Iowa Central Community College operated the largest geothermal grid in the state of Iowa last year, McAnally said, with eight of its 12 residence halls equipped with the systems. At last check, the college was saving more than $160,000 a year in utility costs, he said, “and that was a couple of residence halls ago.”
Tollakson himself has experienced “pretty substantial” cost savings on his 6,000-square-foot home. Tollakson told his neighbor, who he estimates has a 5,000-square-foot house, the cost of his monthly utility bill, and “he said he’d trade me in a nanosecond.” Tollakson’s utility bill was about half that of his neighbor’s. A zoning system, which allows various areas of the house to be set at different temperatures during different times of the day, has also contributed to reduced heating and cooling costs.
Fiberglass insulation, which Stanbrough compares to “putting cotton candy in your walls,” is being replaced by improved fill technologies, particularly cellulose insulation. “It’s just a hair more expensive (than fiberglass) and twice the insulation,” he said. Foam insulation is a slightly more expensive alternative. Stanbrough Home Builders also builds all of its homes with 2-foot-by-6-foot exterior walls to create an “envelope” that is 56 percent larger than traditional homes, leaving that much more space for added insulation.
Iowa Central, which has promoted energy-efficient building for more than 15 years, is in the midst of a home building project that could serve as an example of energy efficiency statewide. A team consisting of Iowa Central carpentry students, the Iowa Department of Natural Resources, architects from RDG Planning & Design and architecture students from Iowa State University are building an energy-efficient house, which they hope will be the most energy-efficient house in Iowa. McAnally believes the house will be 64 percent more efficient than a traditional house of its size.
The team is using advanced framing methods, including structurally insulated panels and a foundation made of insulated concrete forms. The geothermal house includes greater amounts of insulation and is oriented to the south to maximize solar heating.

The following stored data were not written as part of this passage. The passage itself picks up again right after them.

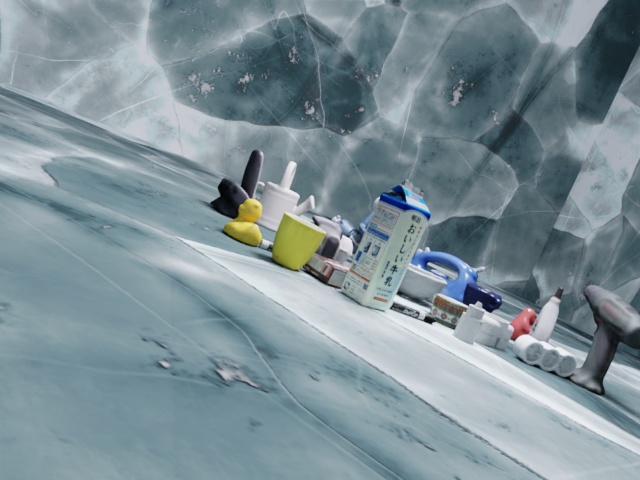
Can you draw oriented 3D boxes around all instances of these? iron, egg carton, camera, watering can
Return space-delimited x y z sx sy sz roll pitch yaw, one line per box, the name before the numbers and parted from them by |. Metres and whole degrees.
iron | 0.313 0.092 1.543 0.257 0.141 0.119 27 6 33
egg carton | 0.014 0.005 1.498 0.108 0.069 0.149 18 8 -46
camera | -0.026 -0.013 1.334 0.137 0.101 0.143 22 5 -16
watering can | -0.100 -0.121 1.583 0.173 0.194 0.100 22 6 -18

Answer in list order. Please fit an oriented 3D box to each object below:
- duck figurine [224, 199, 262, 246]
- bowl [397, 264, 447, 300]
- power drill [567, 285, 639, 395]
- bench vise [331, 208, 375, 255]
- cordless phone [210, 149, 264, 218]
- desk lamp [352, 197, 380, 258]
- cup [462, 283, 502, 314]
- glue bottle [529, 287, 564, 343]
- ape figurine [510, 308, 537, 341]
duck figurine | -0.147 -0.041 1.173 0.078 0.086 0.104 20 6 -31
bowl | 0.224 0.103 1.414 0.167 0.075 0.167 23 5 -2
power drill | 0.599 0.212 1.228 0.076 0.208 0.229 23 5 -9
bench vise | 0.130 -0.036 1.596 0.207 0.220 0.121 24 5 6
cordless phone | -0.199 -0.149 1.483 0.094 0.185 0.147 20 6 -36
desk lamp | 0.190 -0.019 1.724 0.118 0.213 0.202 20 6 -35
cup | 0.391 0.167 1.395 0.092 0.095 0.117 21 6 -23
glue bottle | 0.530 0.190 1.346 0.037 0.173 0.078 24 5 8
ape figurine | 0.524 0.219 1.468 0.076 0.092 0.078 23 5 -5
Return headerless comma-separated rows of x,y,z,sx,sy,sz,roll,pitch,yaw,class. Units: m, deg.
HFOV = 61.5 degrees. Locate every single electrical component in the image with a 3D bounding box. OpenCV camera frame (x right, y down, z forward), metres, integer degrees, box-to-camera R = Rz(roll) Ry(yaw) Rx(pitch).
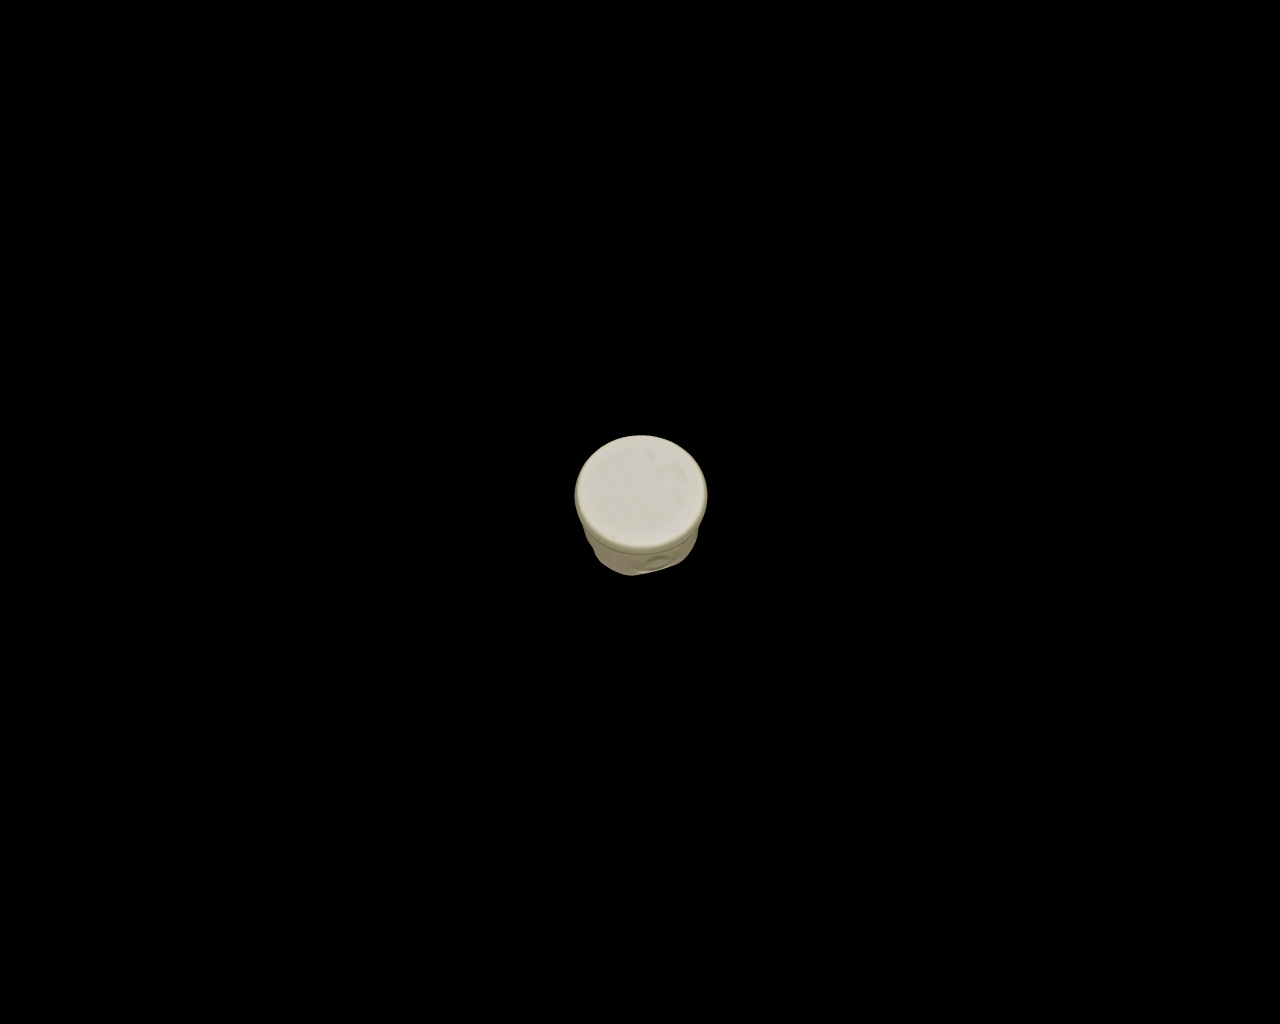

One goal of the project is “to show you can do a highly energy-efficient home for the same cost,” McAnally said. He estimates the market value of the 1,800-square-foot house to be about $180,000.
Energy conservation proponents expect efforts such as these will continue the progress toward affordable energy efficiency. But Hentzen hopes consumers couple those efforts with a push toward building smaller.
“You can shave off the cost (of the house) by not building as big and making your space just as livable if not more livable, and you’ll have money to spend on other (energy-efficient) aspects,” she said. “We’re still in the mode that bigger is better, and I think that will change in the future.”